### Dataset content
== Segment start ==

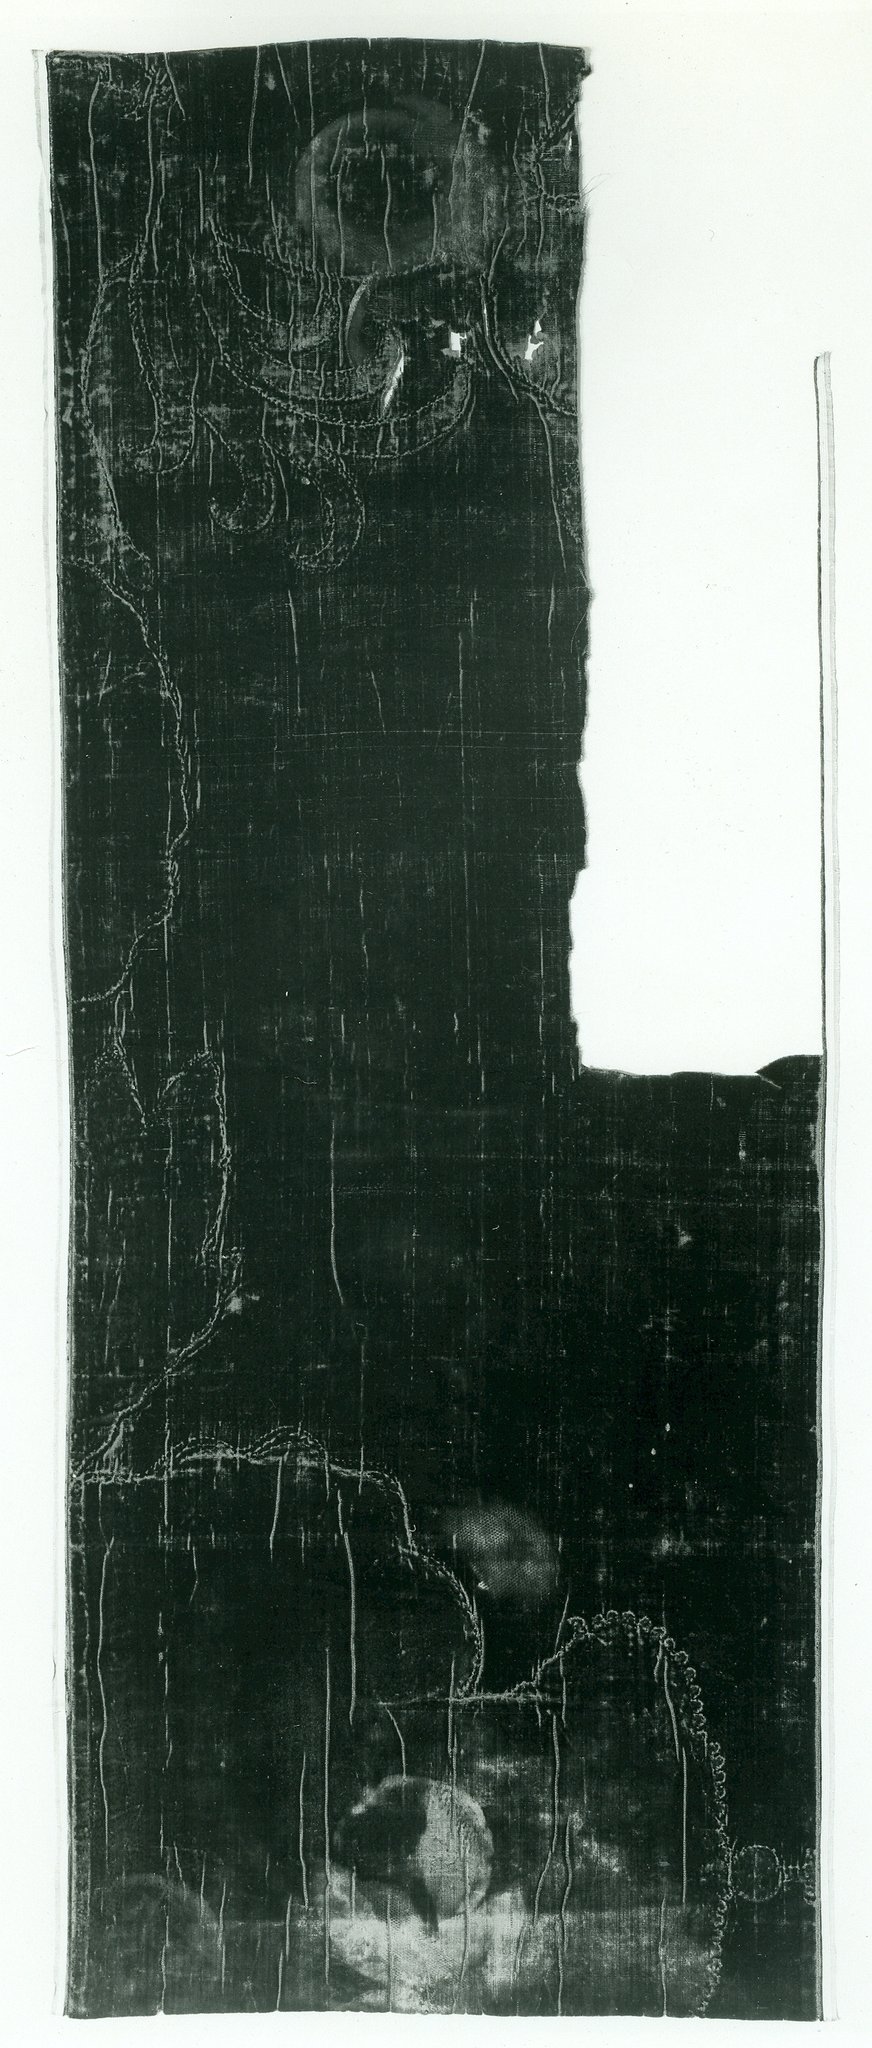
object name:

== Segment end ==
== Segment start ==

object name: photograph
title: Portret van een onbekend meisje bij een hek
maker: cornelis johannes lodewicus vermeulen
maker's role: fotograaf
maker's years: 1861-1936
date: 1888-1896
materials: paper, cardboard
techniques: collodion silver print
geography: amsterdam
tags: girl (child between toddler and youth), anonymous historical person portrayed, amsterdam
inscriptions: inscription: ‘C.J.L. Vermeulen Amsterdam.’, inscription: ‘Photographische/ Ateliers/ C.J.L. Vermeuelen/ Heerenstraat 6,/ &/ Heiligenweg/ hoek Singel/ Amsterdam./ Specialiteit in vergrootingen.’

== Segment end ==
== Segment start ==

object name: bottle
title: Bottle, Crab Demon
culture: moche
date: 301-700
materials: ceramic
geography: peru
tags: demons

== Segment end ==

### What the exercise asks
Each line of the listing that includes the word "object" counts once; give the total as a single number.

### Solution to the problem
3